**Task instructions:** Scan the records for the word "medium". Return each line where it is found.

Entries taken from a collection

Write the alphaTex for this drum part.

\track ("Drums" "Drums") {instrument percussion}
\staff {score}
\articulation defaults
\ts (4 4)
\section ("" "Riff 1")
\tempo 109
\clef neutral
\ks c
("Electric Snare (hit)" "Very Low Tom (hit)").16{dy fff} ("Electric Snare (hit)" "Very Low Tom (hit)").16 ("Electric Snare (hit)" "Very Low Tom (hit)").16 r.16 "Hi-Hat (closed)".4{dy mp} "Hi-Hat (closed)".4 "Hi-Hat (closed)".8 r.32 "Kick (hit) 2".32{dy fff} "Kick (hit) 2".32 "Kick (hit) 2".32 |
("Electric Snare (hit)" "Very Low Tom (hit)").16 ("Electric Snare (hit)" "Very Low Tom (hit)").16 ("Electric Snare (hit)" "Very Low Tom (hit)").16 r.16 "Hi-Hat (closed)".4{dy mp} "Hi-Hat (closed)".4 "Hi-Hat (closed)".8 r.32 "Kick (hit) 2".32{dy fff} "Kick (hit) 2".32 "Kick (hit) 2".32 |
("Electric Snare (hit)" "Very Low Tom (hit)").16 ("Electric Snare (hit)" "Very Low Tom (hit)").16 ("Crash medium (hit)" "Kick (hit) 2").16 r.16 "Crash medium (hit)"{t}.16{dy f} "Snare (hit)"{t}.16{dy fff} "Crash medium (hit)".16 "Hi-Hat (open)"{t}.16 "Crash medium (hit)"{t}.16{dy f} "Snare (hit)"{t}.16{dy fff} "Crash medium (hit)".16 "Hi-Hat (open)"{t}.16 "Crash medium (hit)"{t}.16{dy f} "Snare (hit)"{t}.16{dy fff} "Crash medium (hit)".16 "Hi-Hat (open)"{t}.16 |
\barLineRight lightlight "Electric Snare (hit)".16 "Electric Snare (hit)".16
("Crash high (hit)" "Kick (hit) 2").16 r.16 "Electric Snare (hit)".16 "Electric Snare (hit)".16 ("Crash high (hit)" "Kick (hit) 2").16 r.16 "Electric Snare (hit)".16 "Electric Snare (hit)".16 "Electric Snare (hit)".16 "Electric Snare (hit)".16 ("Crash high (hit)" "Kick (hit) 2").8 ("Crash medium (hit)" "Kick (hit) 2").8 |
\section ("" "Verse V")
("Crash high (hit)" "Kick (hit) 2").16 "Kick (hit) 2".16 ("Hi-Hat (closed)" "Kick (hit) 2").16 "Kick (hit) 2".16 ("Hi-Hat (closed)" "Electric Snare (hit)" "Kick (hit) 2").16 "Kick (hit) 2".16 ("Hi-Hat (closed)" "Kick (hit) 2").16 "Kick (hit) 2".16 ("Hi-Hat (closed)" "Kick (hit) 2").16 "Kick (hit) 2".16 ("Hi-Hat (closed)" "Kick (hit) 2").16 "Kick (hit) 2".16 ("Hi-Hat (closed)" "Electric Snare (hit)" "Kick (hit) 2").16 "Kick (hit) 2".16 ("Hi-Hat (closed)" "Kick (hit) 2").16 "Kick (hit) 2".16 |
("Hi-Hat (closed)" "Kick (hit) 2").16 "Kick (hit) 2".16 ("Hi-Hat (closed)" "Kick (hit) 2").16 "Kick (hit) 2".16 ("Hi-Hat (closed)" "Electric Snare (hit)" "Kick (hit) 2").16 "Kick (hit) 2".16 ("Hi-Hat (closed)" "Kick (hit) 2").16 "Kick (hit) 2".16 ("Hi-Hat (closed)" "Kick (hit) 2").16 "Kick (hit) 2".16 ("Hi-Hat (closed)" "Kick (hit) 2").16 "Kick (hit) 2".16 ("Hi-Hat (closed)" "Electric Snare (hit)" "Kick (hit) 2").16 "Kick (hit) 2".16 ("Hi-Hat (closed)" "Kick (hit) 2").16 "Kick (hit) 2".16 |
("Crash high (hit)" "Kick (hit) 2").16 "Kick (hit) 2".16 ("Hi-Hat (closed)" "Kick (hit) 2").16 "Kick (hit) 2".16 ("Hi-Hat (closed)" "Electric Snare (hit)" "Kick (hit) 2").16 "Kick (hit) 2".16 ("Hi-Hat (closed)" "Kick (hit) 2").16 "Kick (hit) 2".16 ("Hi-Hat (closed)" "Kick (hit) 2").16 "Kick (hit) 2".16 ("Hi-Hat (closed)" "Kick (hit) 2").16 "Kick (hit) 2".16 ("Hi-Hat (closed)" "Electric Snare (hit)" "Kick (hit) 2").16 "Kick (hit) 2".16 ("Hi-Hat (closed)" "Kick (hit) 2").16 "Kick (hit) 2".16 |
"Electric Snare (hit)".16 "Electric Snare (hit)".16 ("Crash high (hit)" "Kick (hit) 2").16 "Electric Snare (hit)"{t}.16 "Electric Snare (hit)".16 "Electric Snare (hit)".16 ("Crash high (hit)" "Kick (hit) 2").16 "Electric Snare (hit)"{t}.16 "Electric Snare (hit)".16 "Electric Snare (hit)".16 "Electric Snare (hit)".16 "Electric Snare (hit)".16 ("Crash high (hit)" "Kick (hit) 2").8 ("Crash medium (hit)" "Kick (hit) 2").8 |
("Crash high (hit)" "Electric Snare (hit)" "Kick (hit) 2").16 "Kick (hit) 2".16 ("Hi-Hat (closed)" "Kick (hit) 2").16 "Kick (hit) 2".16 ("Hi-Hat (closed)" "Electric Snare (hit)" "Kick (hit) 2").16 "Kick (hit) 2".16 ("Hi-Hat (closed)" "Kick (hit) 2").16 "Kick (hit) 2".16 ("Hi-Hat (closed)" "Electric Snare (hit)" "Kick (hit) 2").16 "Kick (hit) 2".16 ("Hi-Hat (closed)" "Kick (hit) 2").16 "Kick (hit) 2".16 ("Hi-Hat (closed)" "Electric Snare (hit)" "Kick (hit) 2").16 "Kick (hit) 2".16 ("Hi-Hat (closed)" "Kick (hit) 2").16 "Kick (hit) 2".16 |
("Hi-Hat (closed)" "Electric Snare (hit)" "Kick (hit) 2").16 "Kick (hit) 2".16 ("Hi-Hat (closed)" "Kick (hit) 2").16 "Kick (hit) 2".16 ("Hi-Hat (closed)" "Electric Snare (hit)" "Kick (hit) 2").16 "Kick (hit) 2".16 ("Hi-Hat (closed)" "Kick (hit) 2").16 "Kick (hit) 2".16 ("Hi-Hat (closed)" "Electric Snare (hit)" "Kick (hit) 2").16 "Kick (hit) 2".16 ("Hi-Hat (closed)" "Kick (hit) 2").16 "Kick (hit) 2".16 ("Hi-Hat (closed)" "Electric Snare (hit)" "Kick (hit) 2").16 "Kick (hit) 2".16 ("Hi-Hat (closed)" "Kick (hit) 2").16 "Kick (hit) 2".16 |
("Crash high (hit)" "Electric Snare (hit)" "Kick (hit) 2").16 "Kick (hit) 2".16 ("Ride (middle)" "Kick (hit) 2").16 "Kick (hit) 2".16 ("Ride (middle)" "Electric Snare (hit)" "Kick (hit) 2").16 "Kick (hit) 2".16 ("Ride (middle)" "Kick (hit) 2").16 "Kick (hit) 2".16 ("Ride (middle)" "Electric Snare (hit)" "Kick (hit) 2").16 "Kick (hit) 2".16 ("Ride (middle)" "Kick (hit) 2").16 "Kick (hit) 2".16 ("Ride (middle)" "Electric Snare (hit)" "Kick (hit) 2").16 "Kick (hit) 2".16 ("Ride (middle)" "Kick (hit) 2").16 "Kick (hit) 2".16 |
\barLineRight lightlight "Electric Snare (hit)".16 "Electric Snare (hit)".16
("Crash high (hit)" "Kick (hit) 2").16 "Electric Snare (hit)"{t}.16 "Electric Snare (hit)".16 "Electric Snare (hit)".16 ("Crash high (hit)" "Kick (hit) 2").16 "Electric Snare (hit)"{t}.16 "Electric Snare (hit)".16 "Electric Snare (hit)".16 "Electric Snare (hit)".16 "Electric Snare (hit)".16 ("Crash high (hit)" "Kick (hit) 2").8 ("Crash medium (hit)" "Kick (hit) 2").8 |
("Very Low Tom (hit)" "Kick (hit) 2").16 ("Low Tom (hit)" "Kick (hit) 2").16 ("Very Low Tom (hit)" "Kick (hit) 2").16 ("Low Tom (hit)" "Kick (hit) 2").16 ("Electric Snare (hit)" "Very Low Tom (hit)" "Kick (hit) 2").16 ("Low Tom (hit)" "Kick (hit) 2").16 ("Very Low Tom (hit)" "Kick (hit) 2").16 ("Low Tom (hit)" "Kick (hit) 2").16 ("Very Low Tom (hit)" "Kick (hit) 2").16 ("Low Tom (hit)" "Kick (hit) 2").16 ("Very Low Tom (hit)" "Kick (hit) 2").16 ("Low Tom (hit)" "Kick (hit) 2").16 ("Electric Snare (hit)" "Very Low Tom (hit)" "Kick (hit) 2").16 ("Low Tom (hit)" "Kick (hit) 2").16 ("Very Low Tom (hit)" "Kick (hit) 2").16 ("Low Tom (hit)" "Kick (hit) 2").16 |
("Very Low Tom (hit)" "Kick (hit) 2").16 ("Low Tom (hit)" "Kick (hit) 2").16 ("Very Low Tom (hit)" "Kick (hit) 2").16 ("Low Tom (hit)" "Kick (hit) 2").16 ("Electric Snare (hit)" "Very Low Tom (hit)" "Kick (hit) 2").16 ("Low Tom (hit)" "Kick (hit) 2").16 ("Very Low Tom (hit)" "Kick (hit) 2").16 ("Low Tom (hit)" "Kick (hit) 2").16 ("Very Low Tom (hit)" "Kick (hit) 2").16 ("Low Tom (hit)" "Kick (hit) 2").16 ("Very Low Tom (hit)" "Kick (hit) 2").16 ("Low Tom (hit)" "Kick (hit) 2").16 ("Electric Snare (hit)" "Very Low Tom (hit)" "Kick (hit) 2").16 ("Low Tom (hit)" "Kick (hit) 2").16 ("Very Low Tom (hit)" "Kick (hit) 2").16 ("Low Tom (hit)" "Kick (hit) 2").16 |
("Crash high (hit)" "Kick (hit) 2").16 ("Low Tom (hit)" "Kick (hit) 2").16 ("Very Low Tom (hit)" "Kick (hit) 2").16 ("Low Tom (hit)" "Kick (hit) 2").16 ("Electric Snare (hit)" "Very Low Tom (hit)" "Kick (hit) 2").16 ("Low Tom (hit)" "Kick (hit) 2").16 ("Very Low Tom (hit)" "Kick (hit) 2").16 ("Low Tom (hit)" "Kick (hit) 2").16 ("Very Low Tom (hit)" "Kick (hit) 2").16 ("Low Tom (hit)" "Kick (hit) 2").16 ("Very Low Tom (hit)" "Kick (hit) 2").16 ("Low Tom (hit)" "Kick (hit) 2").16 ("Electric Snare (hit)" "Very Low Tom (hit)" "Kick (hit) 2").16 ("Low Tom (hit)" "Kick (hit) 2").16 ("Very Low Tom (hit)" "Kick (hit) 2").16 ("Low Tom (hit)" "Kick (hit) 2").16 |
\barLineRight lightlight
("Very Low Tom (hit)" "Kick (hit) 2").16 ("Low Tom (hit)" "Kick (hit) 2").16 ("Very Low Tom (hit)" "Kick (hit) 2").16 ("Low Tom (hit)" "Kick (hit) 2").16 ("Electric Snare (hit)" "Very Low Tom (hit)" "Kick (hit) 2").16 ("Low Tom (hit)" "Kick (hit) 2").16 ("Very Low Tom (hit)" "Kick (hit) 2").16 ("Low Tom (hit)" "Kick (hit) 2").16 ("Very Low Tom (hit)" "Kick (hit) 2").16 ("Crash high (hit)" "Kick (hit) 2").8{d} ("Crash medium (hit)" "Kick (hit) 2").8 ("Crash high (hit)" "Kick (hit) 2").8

**Result of this task:**
("Electric Snare (hit)" "Very Low Tom (hit)").16 ("Electric Snare (hit)" "Very Low Tom (hit)").16 ("Crash medium (hit)" "Kick (hit) 2").16 r.16 "Crash medium (hit)"{t}.16{dy f} "Snare (hit)"{t}.16{dy fff} "Crash medium (hit)".16 "Hi-Hat (open)"{t}.16 "Crash medium (hit)"{t}.16{dy f} "Snare (hit)"{t}.16{dy fff} "Crash medium (hit)".16 "Hi-Hat (open)"{t}.16 "Crash medium (hit)"{t}.16{dy f} "Snare (hit)"{t}.16{dy fff} "Crash medium (hit)".16 "Hi-Hat (open)"{t}.16 |
("Crash high (hit)" "Kick (hit) 2").16 r.16 "Electric Snare (hit)".16 "Electric Snare (hit)".16 ("Crash high (hit)" "Kick (hit) 2").16 r.16 "Electric Snare (hit)".16 "Electric Snare (hit)".16 "Electric Snare (hit)".16 "Electric Snare (hit)".16 ("Crash high (hit)" "Kick (hit) 2").8 ("Crash medium (hit)" "Kick (hit) 2").8 |
"Electric Snare (hit)".16 "Electric Snare (hit)".16 ("Crash high (hit)" "Kick (hit) 2").16 "Electric Snare (hit)"{t}.16 "Electric Snare (hit)".16 "Electric Snare (hit)".16 ("Crash high (hit)" "Kick (hit) 2").16 "Electric Snare (hit)"{t}.16 "Electric Snare (hit)".16 "Electric Snare (hit)".16 "Electric Snare (hit)".16 "Electric Snare (hit)".16 ("Crash high (hit)" "Kick (hit) 2").8 ("Crash medium (hit)" "Kick (hit) 2").8 |
("Crash high (hit)" "Kick (hit) 2").16 "Electric Snare (hit)"{t}.16 "Electric Snare (hit)".16 "Electric Snare (hit)".16 ("Crash high (hit)" "Kick (hit) 2").16 "Electric Snare (hit)"{t}.16 "Electric Snare (hit)".16 "Electric Snare (hit)".16 "Electric Snare (hit)".16 "Electric Snare (hit)".16 ("Crash high (hit)" "Kick (hit) 2").8 ("Crash medium (hit)" "Kick (hit) 2").8 |
("Very Low Tom (hit)" "Kick (hit) 2").16 ("Low Tom (hit)" "Kick (hit) 2").16 ("Very Low Tom (hit)" "Kick (hit) 2").16 ("Low Tom (hit)" "Kick (hit) 2").16 ("Electric Snare (hit)" "Very Low Tom (hit)" "Kick (hit) 2").16 ("Low Tom (hit)" "Kick (hit) 2").16 ("Very Low Tom (hit)" "Kick (hit) 2").16 ("Low Tom (hit)" "Kick (hit) 2").16 ("Very Low Tom (hit)" "Kick (hit) 2").16 ("Crash high (hit)" "Kick (hit) 2").8{d} ("Crash medium (hit)" "Kick (hit) 2").8 ("Crash high (hit)" "Kick (hit) 2").8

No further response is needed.